研究課題/領域番号 |
18K04081
|
研究機関 | 広島大学 |
研究代表者 |
佐々木 豊 広島大学, 工学研究科, 助教 (10511561)
|
研究期間 (年度) |
2018-04-01 – 2021-03-31
|
キーワード | 電力系統 / 再生可能エネルギー / 供給信頼度 / エネルギーマネージメントシステム / 最適化 / 電力需給マネージャ / ロバスト性 |
研究実績の概要 |
本研究では,研究代表者が開発してきた電力需給制御マネージャを用いて柔軟な形態の分散型電力システムの供給信頼度と最適性を追求することで太陽光発電大量導入環境における電力系統の諸課題を解決する。本マネージャは,既存システムの分散化やシステム再構築あるいは未電化地域のシステム構築を行う際に柔軟に対応できるマネージャであり,部分システム毎に独立させて制御することもできる。初年度ではまず,不確定性に対して「ロバスト」な電力需給制御マネージャの開発を行った。
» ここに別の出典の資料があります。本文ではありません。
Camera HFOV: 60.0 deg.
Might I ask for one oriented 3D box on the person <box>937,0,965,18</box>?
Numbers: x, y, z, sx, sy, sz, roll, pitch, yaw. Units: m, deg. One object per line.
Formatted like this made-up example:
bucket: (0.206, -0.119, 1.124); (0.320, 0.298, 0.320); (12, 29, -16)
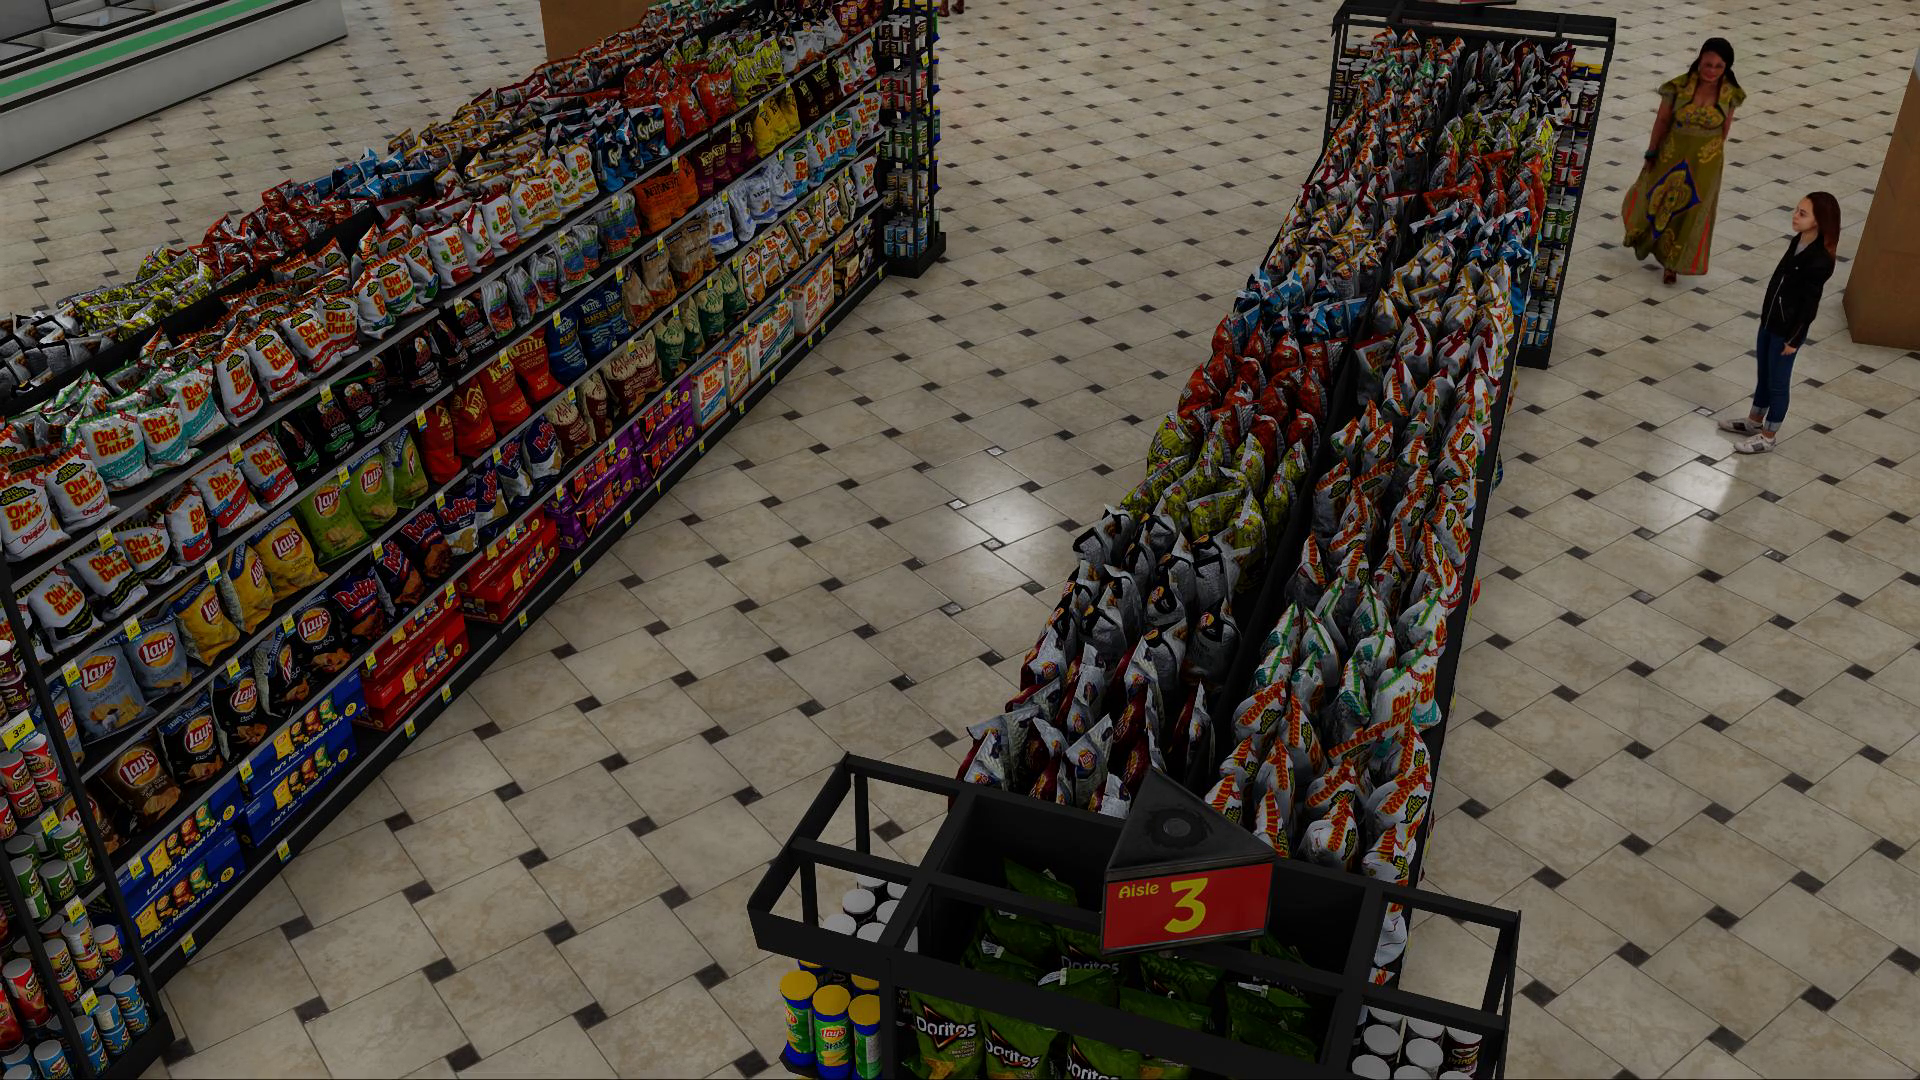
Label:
person: (-0.114, -6.214, 16.890); (0.638, 1.719, 0.726); (-19, 36, -27)

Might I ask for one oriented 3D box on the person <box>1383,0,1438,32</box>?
person: (3.967, -4.712, 14.559); (0.745, 1.631, 0.785); (1, 32, 2)

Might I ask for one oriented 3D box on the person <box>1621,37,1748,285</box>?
person: (4.834, -2.554, 11.091); (0.783, 1.630, 0.992); (9, 33, 14)

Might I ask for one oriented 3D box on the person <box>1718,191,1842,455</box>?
person: (4.485, -1.182, 9.025); (0.683, 1.484, 0.542); (1, 32, 2)

さらに,需要側を制御対象とする考え方は,すなわち,需要家側に導入される太陽光発電の出力抑制およびデマンドレスポンスとして注目されている負荷抑制について,従来の電力需給運用においては考えられていなかったことから,重点項目として実施する。初年度では次の項目について需給マネージャの機能拡充を図った。(a)マネージャの高機能化:将来系統において系統運用計画を策定する場合に,再生可能エネルギー電源による不確定性の影響を勘案した運用計画を策定した。具体的には次の7つの主要コントローラを作成した。(a-1)前日予測部(前日需要予測,前日再エネ発電量予測),(a-2)需給計画部(発電機起動停止計画,蓄電池運用方策),(a-3)実時間予測部,(a-4)需給運用部(発電機実行可能領域計算,負荷配分制御),(a-5)平常時制御部(負荷周波数制御),(a-6)緊急時制御部(電源制限,負荷遮断),(a-7)実出力配分計算部,(b)ロバスト信頼度維持方式の開発:ロバスト信頼度の概念を用いて,不確定性の影響を勘案した運用計画手法を(b-1)ロバスト信頼性条件のモデル化,(b-2)モデル化条件を考慮した最適潮流計算法の開発,(b-3)前日計画法の開発,(b-4)リアルタイム制御法の開発について検討を行った。本研究成果は国内会議,国際会議で報告して広く公表した。
|
現在までの達成度 (区分) |
現在までの達成度 (区分)
2: おおむね順調に進展している
理由
初年度の目標である,(a)電力需給マネージャの高機能化については当初予定の予測部・計画部・運用部について実装済みであり,8割程度機能実装が完了している。また,ロバスト信頼度維持方式についてもモデル化および定式化が完了しこちらも当初の予定通り研究が進行している。以上から,初年度は概ね順調に進展していると判断した。
|
今後の研究の推進方策 |
次年度では,当初の計画通り,(c)需要レスポンス等の需要端エネルギーマネージメントシステムの構築:具体的には(c-1)蓄電池制御を含むビル管理手法の開発を申請者が所属する大学実験研究棟をモデル化し実施する。なお,発電機,太陽光発電,蓄電池,各種エネルギーモニタなどの設備は既存のものを活用できるため,将来的に提案マネージャを実装し,リアルタイム運用を行うことも視野に入れ,実運用に適した電力需給制御マネージャのパラメータ設定も検討する。さらに,実際には実験困難な(c-2)需要端における太陽光出力抑制,負荷抑制について,電力需給マネージャを用いた最適マネージメントシステムを構築する。最終年度においても計画通り,(d)部分システム最適化と全体システム協調の追求:前年度までに開発するマネージャにおいて,(d-1)黒板情報の共有による分散システムの協調シミュレーション実験,(d-2)黒板情報の更新頻度や内容に関する検討,(d-3)黒板を利用した需要家との価格取引に基づくシステム協調シミュレーション(太陽光抑制,負荷抑制)を検討する。(e)全体総括:項目(d)は部分システムの個別最適化と全体システム協調に関して,シミュレーションをベースに検討を繰り返して方式の改良を行うが,最終的には項目1年目の(a),2年目の(c),そして最終年度に行う(d)がほぼ完了した時点で,仮想マネージャ協調実験を実施し,提案法の供給信頼度維持能力と最適性を検証する計画である。以上,項目(a)~(d)の3年間の研究結果を報告書にとりまとめ,新手法の有効性・効率性を示す。以上より,本研究の目的を達成する予定である。
|
次年度使用額が生じた理由 |
当該年度の残額は少額ではあるが,次年度の消耗品購入費として利用する。